何をやっても上手くいかないなー、という時がある。

日常生活を送りながらも、気持ちが晴れない。そういう状況から抜け出したいと、ジタバタしてみる。友達との飲みに行く、好きなモノを買う、お気に入りのカフェで過ごす。日常でできる小さな気分転換を試みながら、それでも心にかかったモヤが取れない、という経験は、誰にでもありそうだ。

すぐに検索できる小型の機械が手元にあるのだから、その解決策を検索窓に尋ねたくなる。とはいえ、実際に検索したところで、表示される検索結果に自分が求めている答えはなく、漠然とした虚しさを感じたことがある、という人も、きっと多いだろう。

そういう時、行動せずに自分の内面に寄ってみる。ゆっくりだけれど、結果的に何かを始める原動力が生まれる。私がよしもとばななさんの『どんぐり姉妹』から感じたのは、このシンプルさだった。

小説は、面白い。読んだ人によって、印象に残る部分が違う。同じ人でも、読んだ時期によって印象が変わったりする。

私が『どんぐり姉妹』を初めて読んだのは、今から8年ほど前だった。当時、絶賛ジタバタ中であった私にとってこの小説は、「内側にきれいな水をためる」という表現がとても心に残った話だ。

あらすじを読むとわかるように、どんぐり姉妹はインターネットでの文通と呼べそうなやり取りを始めた姉妹の話である。そして「内側にきれいな水をためる」という表現は、妹のぐりちゃんの言葉だ。

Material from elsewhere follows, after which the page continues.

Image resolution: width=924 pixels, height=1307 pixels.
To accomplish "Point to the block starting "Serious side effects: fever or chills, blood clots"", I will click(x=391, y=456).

この文通を始める前に、ぐりちゃんは、しんどい体験もした。そして、外から見れば何もせず、しかし内面では多くを経験する時間を過ごす。
傍から見れば、働かずにときどき家事をして、家で静かに過ごす独身女性、と映るだろう。何もしていない人、と見えるかもしれない。それでもぐりちゃんは、きれいな水をためるように、自分の内面や偶然の流れを大切にしながら、毎日を過ごしたのだと思う。外から見れば何もしていないように見えるからといって、内面もそうとは限らない。ぐりちゃんは結果的に、また外へ出ていく気持ちになっていった。

当時、この小説を読んだ私は、すぐに気持ちを切り替えられたわけでも、行動せず立ち止まれたわけでもない。それでも、ぐりちゃんの姿勢は、私の心に残った。この数年間で、何度かぐりちゃんの存在が心に浮かぶことがあった。ぐりちゃんが、支えになった時もある。
こんな風に思い返すと、『どんぐり姉妹』は、自分の感覚を大事にする力をちょっと底上げしてくれる、サプリメントのような小説だ。

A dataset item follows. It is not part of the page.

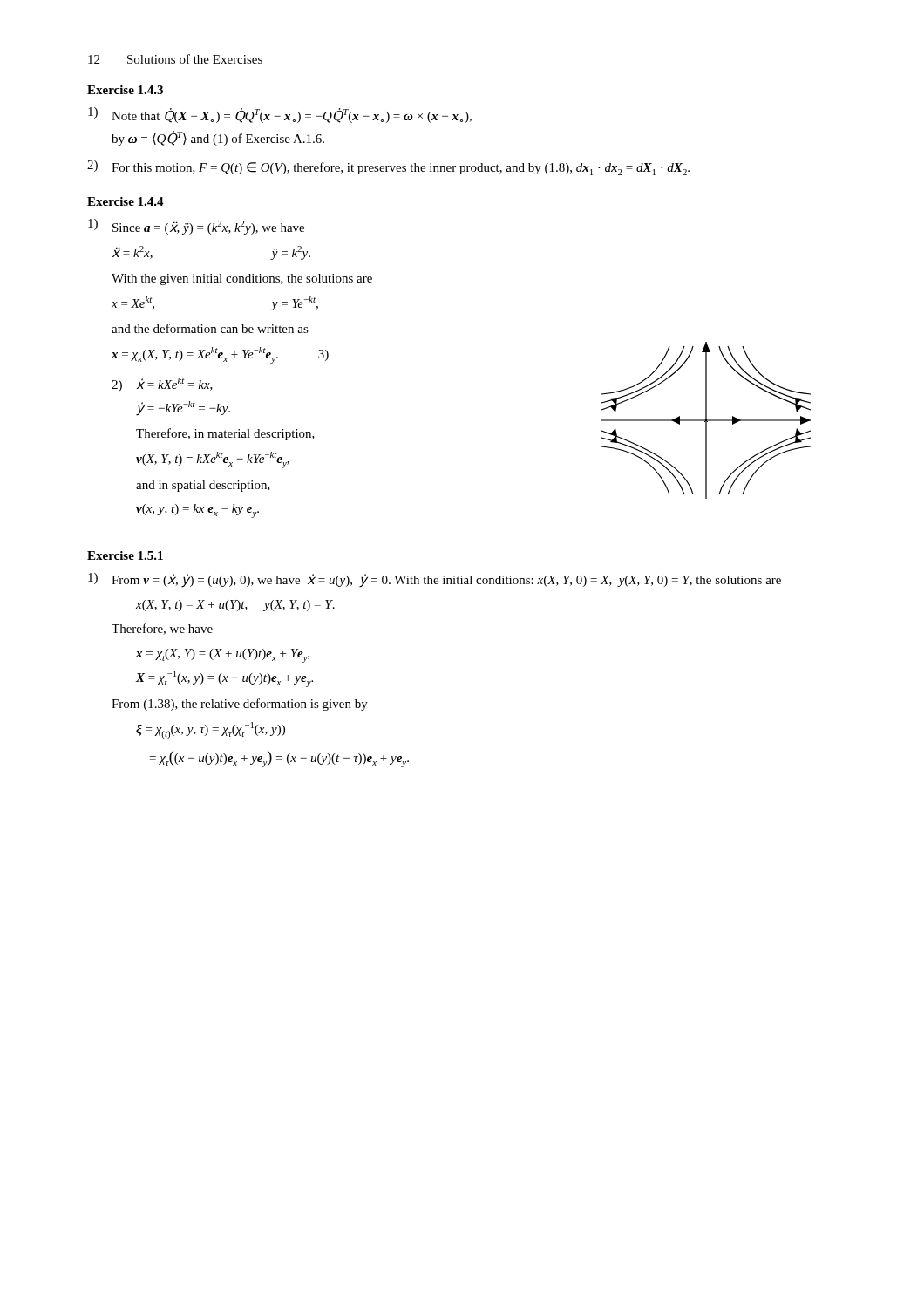
Task: Find the list item that reads "1) Since a ="
Action: point(196,227)

SNSを開けば、すべきことが目に入る。何かをしなければ置いて行かれるような錯覚を起こしてしまう。そういう時、今の自分にとって何が大事か、という気持ちを思い出したい。自分にとって良い道を選べる感覚を、育てていきたい。

そんなわけで、『どんぐり姉妹』のぐりちゃんが過ごした時間がどんなに貴重だったか、という事実を心に持てていることは、私にとっての幸運です。